There’s a good chance that one or both of you may start getting sensations.

Allowing these feelings to flourish has a significant impact. When you act on them, your FWB connection becomes a proper relationship. And that’s not okay until you and your partner decide it’s what you actually want.

Relationships and FWB relationships are two distinct entities that must be managed separately.  [Creative Commons] [C In love and content [Creative Commons]  Nigerian Pulse

“My place or yours?” is the only text message you should send a friend with benefits.

If you text in the same way that normal boyfriends and girlfriends do, discomfort and uncertainty are bound to arise.

This one is hard because you might need to gather food at some point along the way.
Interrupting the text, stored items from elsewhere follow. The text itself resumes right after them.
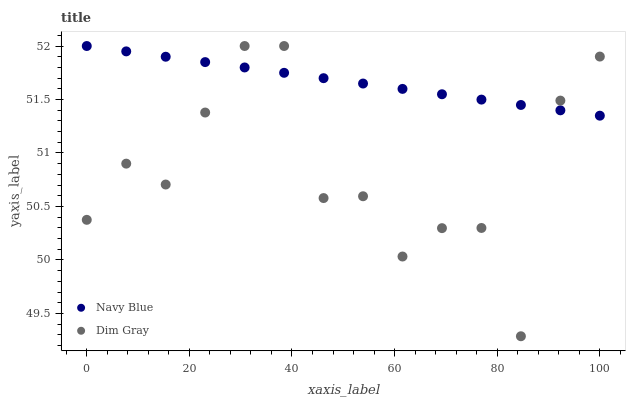Does Dim Gray have the minimum area under the curve?
Answer yes or no. Yes. Does Navy Blue have the maximum area under the curve?
Answer yes or no. Yes. Does Dim Gray have the maximum area under the curve?
Answer yes or no. No. Is Navy Blue the smoothest?
Answer yes or no. Yes. Is Dim Gray the roughest?
Answer yes or no. Yes. Is Dim Gray the smoothest?
Answer yes or no. No. Does Dim Gray have the lowest value?
Answer yes or no. Yes. Does Dim Gray have the highest value?
Answer yes or no. Yes. Does Navy Blue intersect Dim Gray?
Answer yes or no. Yes. Is Navy Blue less than Dim Gray?
Answer yes or no. No. Is Navy Blue greater than Dim Gray?
Answer yes or no. No. 
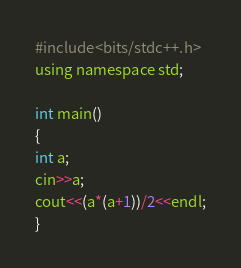<code> <loc_0><loc_0><loc_500><loc_500><_Awk_>#include<bits/stdc++.h>
using namespace std;

int main()
{
int a;
cin>>a;
cout<<(a*(a+1))/2<<endl;
}</code> 
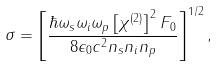Convert formula to latex. <formula><loc_0><loc_0><loc_500><loc_500>\sigma = \left [ \frac { \hbar { \omega } _ { s } \omega _ { i } \omega _ { p } \left [ \chi ^ { ( 2 ) } \right ] ^ { 2 } F _ { 0 } } { 8 \epsilon _ { 0 } c ^ { 2 } n _ { s } n _ { i } n _ { p } } \right ] ^ { 1 / 2 } ,</formula> 
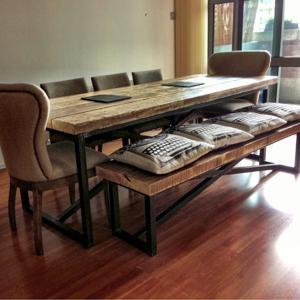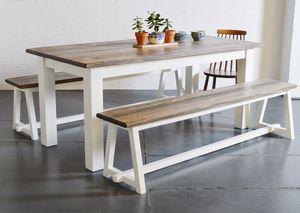The first image is the image on the left, the second image is the image on the right. Examine the images to the left and right. Is the description "There are four chairs in the image on the right." accurate? Answer yes or no. No.

If this situation develops, don’t treat it like a romantic date.

And attending to any other event or occasion together is strictly forbidden in this type of relationship. These are the kinds of factors that cause humans to experience emotions.

You don’t want to catch any emotions here. The chances of those feelings not being returned are extremely high.

Friends with benefits is a type of connection that works best when you’ve only recently met someone and haven’t formed a strong link with them. You don’t want to jeopardize important friendships in this way.

If you’re a hopeless romantic, this isn’t the best option for you because it’s a watered-down version of the type of relationship you’ll really want.

Never feel entitled to sex, no matter how good it is. Your ‘partner’ isn’t yours, and feeling entitled to them will make you jealous.

In an FWB relationship, none of it matters.

You don’t need to ruin things with jealousy. That’s not even allowed

FWB is what people do when they aren’t ready for a relationship but yet need to satisfy their sexual desires on a regular basis.

When the time comes, don’t close yourself off to new individuals because you’re in an FWB relationship.

You have no obligation to him/her in terms of loyalty or anything else.

It’s all about sex and nothing else. There’s no need for pointless small talk or emotional purges to make things awkward. Nigerian Pulse

Your friends and family don’t need to know about them. Nope.